# Special Relativity after 100 Years

### Feature

### John Geohegan

#### Skeptical Inquirer Volume 29.5, September / October 2005

Special relativity has been phenomenally successful, but its nonintuitive nature has made it difficult for us to absorb Einstein’s central message about time and simultaneity.

One hundred years after Albert Einstein gave us the theory of special relativity, we have made good progress in applying the equations he gave us, but we have difficulty absorbing his central message about time and simultaneity. Time and again, his predictions have been tested; the Global Positioning System simply wouldn’t give us good results unless Einstein’s equations were hidden in the little handheld GPS instruments used by hunters and hikers to find their way in the woods. Special relativity has been combined with quantum physics to produce quantum electrodynamics, the most accurate physical theory ever devised. Shortly after Einstein finished his famous paper, he used it to derive the famous equation E=mc^{2}, showing that when a body radiates energy, it loses mass.
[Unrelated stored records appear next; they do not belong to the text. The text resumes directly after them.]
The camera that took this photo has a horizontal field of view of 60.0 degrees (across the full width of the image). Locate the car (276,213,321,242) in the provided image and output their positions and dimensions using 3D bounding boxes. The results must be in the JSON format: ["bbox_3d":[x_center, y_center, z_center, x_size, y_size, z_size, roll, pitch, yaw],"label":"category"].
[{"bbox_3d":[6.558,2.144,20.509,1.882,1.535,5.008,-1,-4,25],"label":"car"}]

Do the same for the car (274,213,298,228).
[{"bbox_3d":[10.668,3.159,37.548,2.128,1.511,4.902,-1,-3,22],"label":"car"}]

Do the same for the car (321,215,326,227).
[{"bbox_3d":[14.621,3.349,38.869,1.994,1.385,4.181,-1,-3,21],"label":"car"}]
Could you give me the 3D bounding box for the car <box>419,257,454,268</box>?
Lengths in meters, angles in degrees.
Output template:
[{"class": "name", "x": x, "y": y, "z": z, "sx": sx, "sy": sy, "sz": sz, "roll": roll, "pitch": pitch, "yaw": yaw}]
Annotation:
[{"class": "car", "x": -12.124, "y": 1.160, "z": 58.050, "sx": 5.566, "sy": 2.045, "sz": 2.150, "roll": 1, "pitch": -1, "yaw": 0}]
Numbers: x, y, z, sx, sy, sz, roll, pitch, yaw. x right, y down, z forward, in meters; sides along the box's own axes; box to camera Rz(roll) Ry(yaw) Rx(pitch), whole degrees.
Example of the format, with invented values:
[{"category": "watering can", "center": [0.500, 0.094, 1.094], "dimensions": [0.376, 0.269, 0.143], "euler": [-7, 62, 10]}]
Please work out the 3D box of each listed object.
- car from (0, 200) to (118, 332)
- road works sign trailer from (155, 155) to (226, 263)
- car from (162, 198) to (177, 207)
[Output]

So what’s the problem? Well, we haven’t yet absorbed his message that “we cannot ascribe *absolute* meaning to the concept of simultaneity; instead, two events that are simultaneous when observed from some particular coordinate system can no longer be considered simultaneous when observed from a system that is moving relative to that system” (Einstein 1905, 130). As long as we think there’s such a thing as “a point in time” or events that can be described as universally simultaneous, we will be faced with misconceptions such as “moving clocks run slow” and “moving objects shrink in the direction of motion.” The following simple thought experiment shows how such misconceptions can arise.

Imagine two identical space ships, A and B, far out in space, away from any large gravitating bodies, traveling away from each other at a high velocity. Neither one is accelerating, no engines are operating, and the occupants of each ship consider their ship to be motionless while the other ship is moving rapidly away. The two ships have just passed each other, almost colliding, and at their closest positions, they have synchronized their identical clocks at 12:00. The clocks each cause a bright blue light on the outer hull of their respective ships to flash each hour, and the ships are separating so rapidly that the passengers on each see the blue light of the other shifted to half its frequency, into the infrared. This is the famous red shift caused by the Doppler effect, in this case a shift of 100 percent. The same shift means that the light signals sent out by A at 1:00, 2:00, and 3:00 according to A’s clock will be received by B at 2:00, 4:00, and 6:00 according to B’s clock. Similarly, A will receive signals from B at 2:00, 4:00, and 6:00 according to A’s clock.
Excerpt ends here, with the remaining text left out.